It's hard not to get frustrated with social media when you're firmly grounded in reality.

Not your preferred reality, where everything that could possibly upset you is hidden from sight, but actual reality, where the full spectrum is out there to please you, challenge your beliefs, and anger you when necessary.

Social media's tendency to amplify the reality-challenged is one reason I usually do a social-media fast on Saturdays to clear my head. That doesn't mean I don't slip every once in a while (such as when I was worried about friends who hadn't yet checked in after the tornado that hit central Arkansas), or spend way too long on a Friday night heading down a research rabbit hole because of something I saw on social media.

Yes, I research. And often just for fun. I'm weird.

This past Friday night, it started with a Quora question in my email: "Why did Joe Biden finally fire Anthony Fauci? Was it the failed vaccines or the Wuhan leak of his lab?"

Oy. Where to start on this one ...

First of all, Fauci, 82, retired at the end of the last year; he wasn't fired. He began his long career at the National Institutes of Health in 1968 as a clinical associate at the National Institute of Allergy and Infectious Diseases (NIAID) after completing his internship and residency as a medical doctor at Cornell Medical Center. He was appointed chief of the NIAID Laboratory of Immunoregulation in 1980, and four years later became the director of NIAID. As such, he advised every president since Ronald Reagan on public health matters. Over the years, he's led research into HIV/AIDS, Zika and Ebola, as well as developed effective therapies for formerly fatal inflammatory and immune-system diseases.
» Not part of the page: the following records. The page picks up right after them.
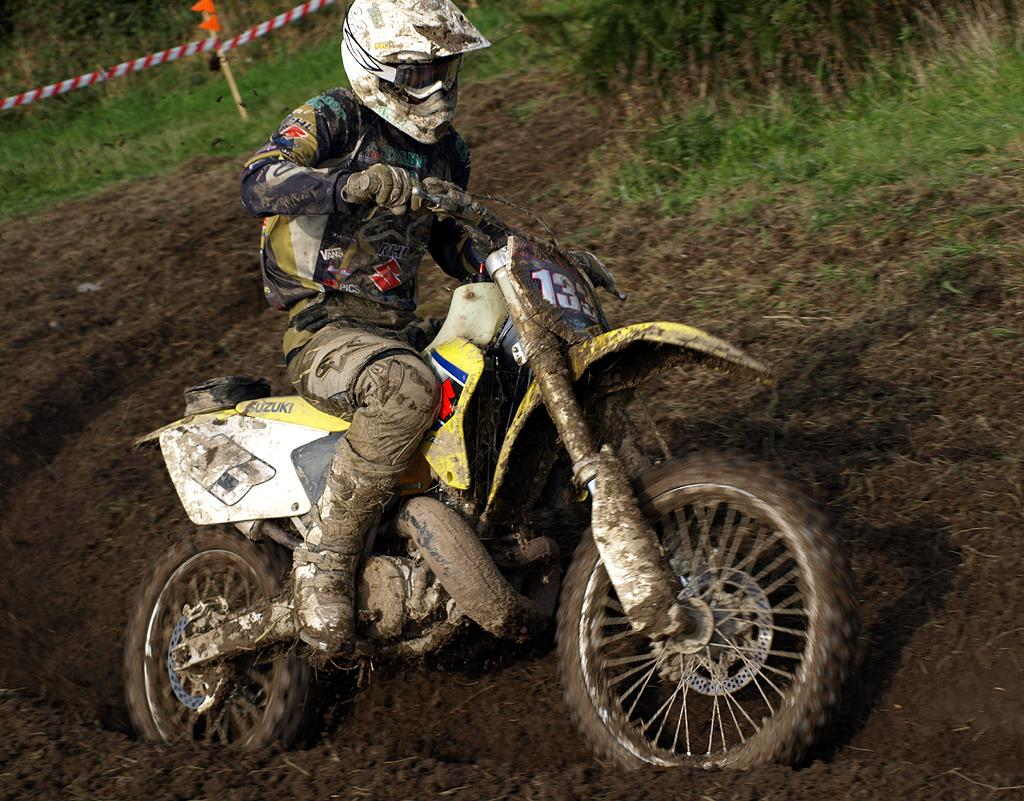What is the main subject of the image? There is a person in the image. What is the person doing in the image? The person is sitting on a bike. What can be seen in the background of the image? There is grass visible in the background of the image. What type of boot can be seen on the person's foot in the image? There is no boot visible on the person's foot in the image; they are sitting on a bike with their feet on the pedals. 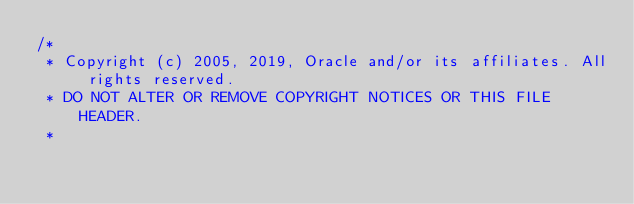Convert code to text. <code><loc_0><loc_0><loc_500><loc_500><_C_>/*
 * Copyright (c) 2005, 2019, Oracle and/or its affiliates. All rights reserved.
 * DO NOT ALTER OR REMOVE COPYRIGHT NOTICES OR THIS FILE HEADER.
 *</code> 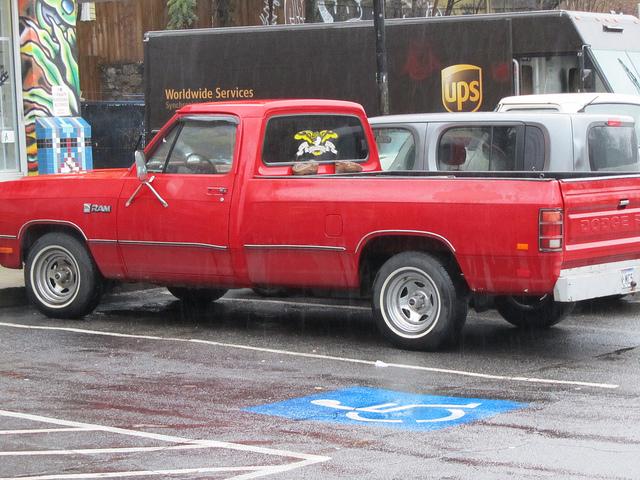What does his window decal indicate?
Be succinct. Military. Is the truck clean?
Concise answer only. No. Is the truck moving?
Be succinct. No. Is this a Japanese vehicle?
Quick response, please. No. Is the red truck contemporary or classic?
Quick response, please. Classic. 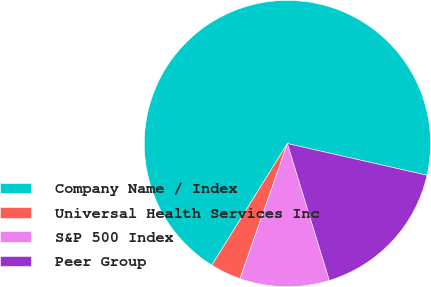Convert chart to OTSL. <chart><loc_0><loc_0><loc_500><loc_500><pie_chart><fcel>Company Name / Index<fcel>Universal Health Services Inc<fcel>S&P 500 Index<fcel>Peer Group<nl><fcel>69.7%<fcel>3.48%<fcel>10.1%<fcel>16.72%<nl></chart> 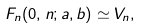Convert formula to latex. <formula><loc_0><loc_0><loc_500><loc_500>F _ { n } ( 0 , n ; a , b ) \simeq V _ { n } ,</formula> 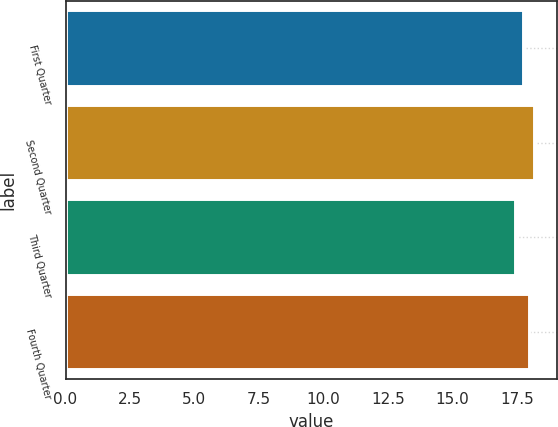<chart> <loc_0><loc_0><loc_500><loc_500><bar_chart><fcel>First Quarter<fcel>Second Quarter<fcel>Third Quarter<fcel>Fourth Quarter<nl><fcel>17.75<fcel>18.15<fcel>17.44<fcel>17.97<nl></chart> 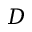<formula> <loc_0><loc_0><loc_500><loc_500>D</formula>

I'd say he's more than earned his retirement. Plus, the vaccines weren't failed, and the Wuhan lab wasn't "his." And remember, we still don't know everything about the virus' origins, thanks to China's hostility toward sharing information.

In the course of reading responses to the Quora question, I happened upon an answer that began with "Kary Mullis thinks [F]auci is a complete and total douchebag." Aside from the redundancy and the unimaginative insult, this particular response, citing multiple claims of things that didn't happen, read like that of someone who lived in an alternate universe.

Into the rabbit hole I went.

Mullis died in August 2019, before covid-19 hit, so his comments about Fauci had absolutely nothing to do with covid; they were instead about HIV and AIDS. Thousands needlessly died because of people (like South African President Thabo Mbeki) who paid attention to Mullis' claim that poverty, not HIV, was the cause of AIDS.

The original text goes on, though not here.